Data supplied: Begin
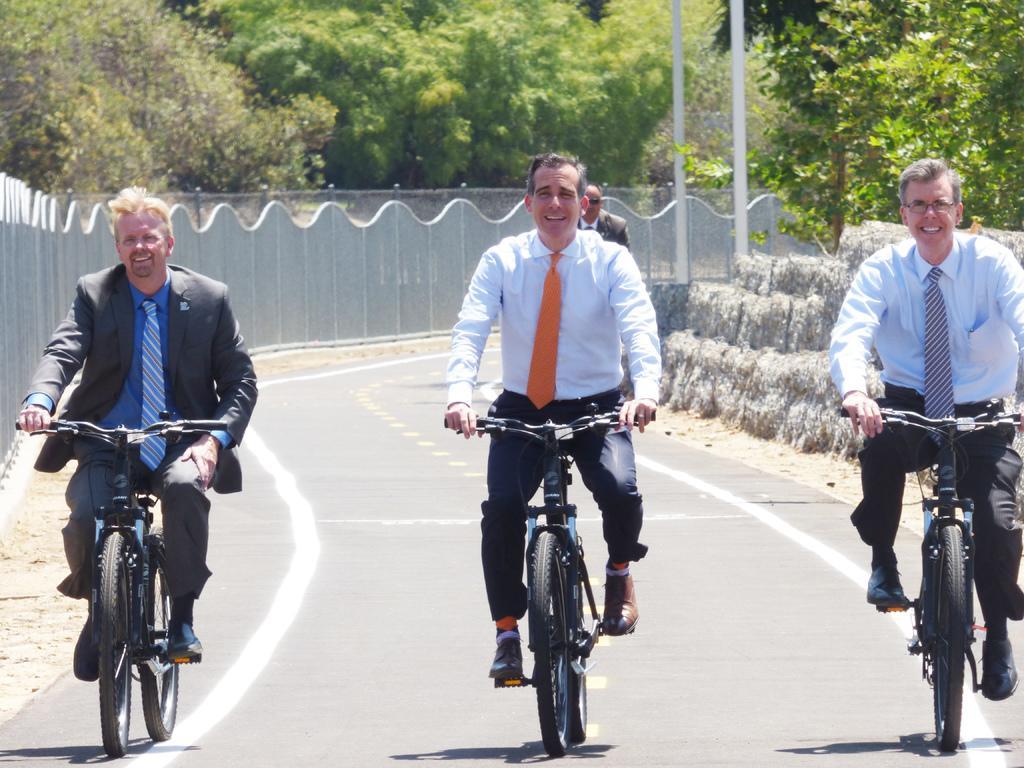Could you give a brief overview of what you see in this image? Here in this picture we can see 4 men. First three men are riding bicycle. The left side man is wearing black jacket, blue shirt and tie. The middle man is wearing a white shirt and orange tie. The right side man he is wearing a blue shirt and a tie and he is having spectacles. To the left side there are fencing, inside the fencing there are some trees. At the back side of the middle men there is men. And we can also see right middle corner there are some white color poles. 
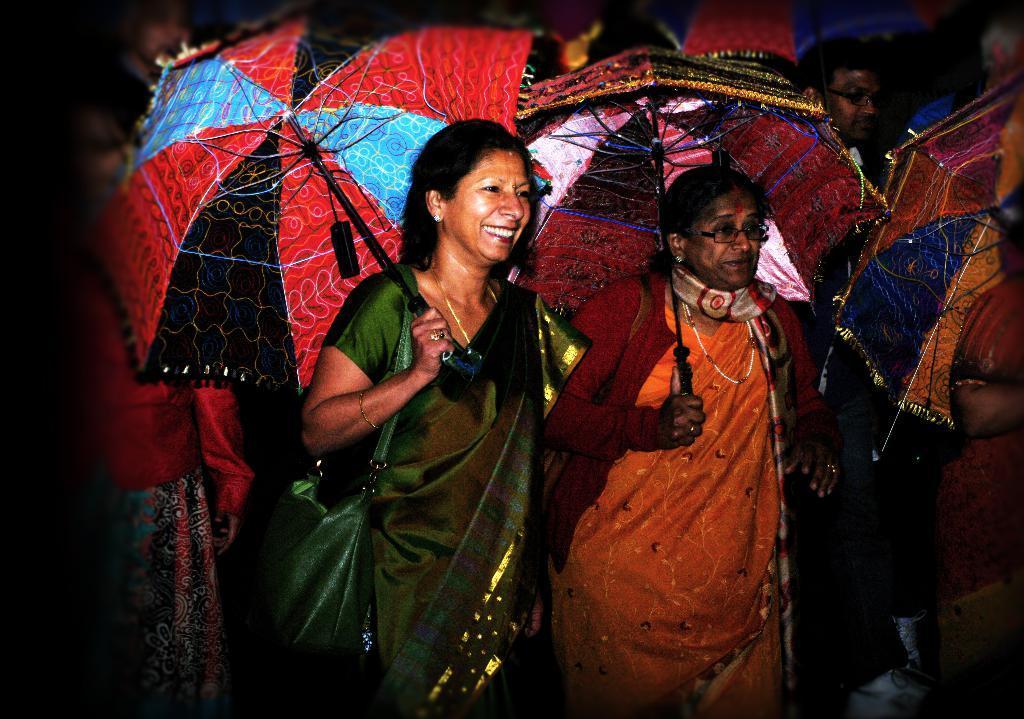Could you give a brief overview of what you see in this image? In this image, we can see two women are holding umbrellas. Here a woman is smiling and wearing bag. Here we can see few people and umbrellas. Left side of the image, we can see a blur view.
Data supplied: End
Data supplied: Begin
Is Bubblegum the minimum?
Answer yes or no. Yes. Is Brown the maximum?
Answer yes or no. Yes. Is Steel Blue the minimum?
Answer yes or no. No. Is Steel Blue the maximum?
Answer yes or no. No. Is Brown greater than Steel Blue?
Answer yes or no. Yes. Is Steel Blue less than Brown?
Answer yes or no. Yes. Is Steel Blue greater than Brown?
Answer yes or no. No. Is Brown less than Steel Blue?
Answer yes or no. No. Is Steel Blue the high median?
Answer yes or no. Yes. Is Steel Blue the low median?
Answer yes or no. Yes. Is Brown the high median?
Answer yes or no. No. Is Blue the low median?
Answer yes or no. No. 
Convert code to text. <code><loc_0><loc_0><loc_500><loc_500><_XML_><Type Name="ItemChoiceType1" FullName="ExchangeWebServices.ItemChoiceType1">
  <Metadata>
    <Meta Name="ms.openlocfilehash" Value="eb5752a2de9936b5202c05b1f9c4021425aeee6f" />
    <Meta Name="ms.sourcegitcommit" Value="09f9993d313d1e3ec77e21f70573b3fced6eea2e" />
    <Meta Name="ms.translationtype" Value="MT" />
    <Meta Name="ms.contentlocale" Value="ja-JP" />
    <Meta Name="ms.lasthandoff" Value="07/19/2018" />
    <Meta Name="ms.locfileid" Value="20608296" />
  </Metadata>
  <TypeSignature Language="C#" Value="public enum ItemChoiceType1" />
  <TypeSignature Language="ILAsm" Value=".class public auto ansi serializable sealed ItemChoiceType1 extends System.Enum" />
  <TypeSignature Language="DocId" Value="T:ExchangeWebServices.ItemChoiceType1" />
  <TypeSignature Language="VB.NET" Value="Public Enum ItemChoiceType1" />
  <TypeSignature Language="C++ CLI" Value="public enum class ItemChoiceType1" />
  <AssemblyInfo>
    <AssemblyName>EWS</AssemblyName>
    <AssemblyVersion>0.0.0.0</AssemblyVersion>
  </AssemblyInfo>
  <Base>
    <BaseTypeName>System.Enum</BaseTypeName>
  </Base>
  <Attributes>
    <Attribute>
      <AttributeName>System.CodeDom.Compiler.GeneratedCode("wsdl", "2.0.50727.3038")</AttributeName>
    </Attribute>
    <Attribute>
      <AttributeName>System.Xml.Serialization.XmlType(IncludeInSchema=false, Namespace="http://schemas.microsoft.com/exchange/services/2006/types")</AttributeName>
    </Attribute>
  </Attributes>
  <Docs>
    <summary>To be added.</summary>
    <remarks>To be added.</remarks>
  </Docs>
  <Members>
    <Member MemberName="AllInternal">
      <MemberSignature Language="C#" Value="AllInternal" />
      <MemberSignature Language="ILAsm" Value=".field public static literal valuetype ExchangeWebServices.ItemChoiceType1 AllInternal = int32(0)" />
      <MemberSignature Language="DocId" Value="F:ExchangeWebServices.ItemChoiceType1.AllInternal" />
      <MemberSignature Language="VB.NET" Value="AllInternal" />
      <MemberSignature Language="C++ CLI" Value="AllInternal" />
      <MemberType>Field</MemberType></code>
Data supplied: End
* **Exercise requirements**
Retype word for word everything in the listing above from the line that holds "<Attributes>" down to the line that holds "<MemberType>Field</MemberType></code>". Keep both end lines and leave out the rest.

* **Completed exercise**
  <Attributes>
    <Attribute>
      <AttributeName>System.CodeDom.Compiler.GeneratedCode("wsdl", "2.0.50727.3038")</AttributeName>
    </Attribute>
    <Attribute>
      <AttributeName>System.Xml.Serialization.XmlType(IncludeInSchema=false, Namespace="http://schemas.microsoft.com/exchange/services/2006/types")</AttributeName>
    </Attribute>
  </Attributes>
  <Docs>
    <summary>To be added.</summary>
    <remarks>To be added.</remarks>
  </Docs>
  <Members>
    <Member MemberName="AllInternal">
      <MemberSignature Language="C#" Value="AllInternal" />
      <MemberSignature Language="ILAsm" Value=".field public static literal valuetype ExchangeWebServices.ItemChoiceType1 AllInternal = int32(0)" />
      <MemberSignature Language="DocId" Value="F:ExchangeWebServices.ItemChoiceType1.AllInternal" />
      <MemberSignature Language="VB.NET" Value="AllInternal" />
      <MemberSignature Language="C++ CLI" Value="AllInternal" />
      <MemberType>Field</MemberType></code>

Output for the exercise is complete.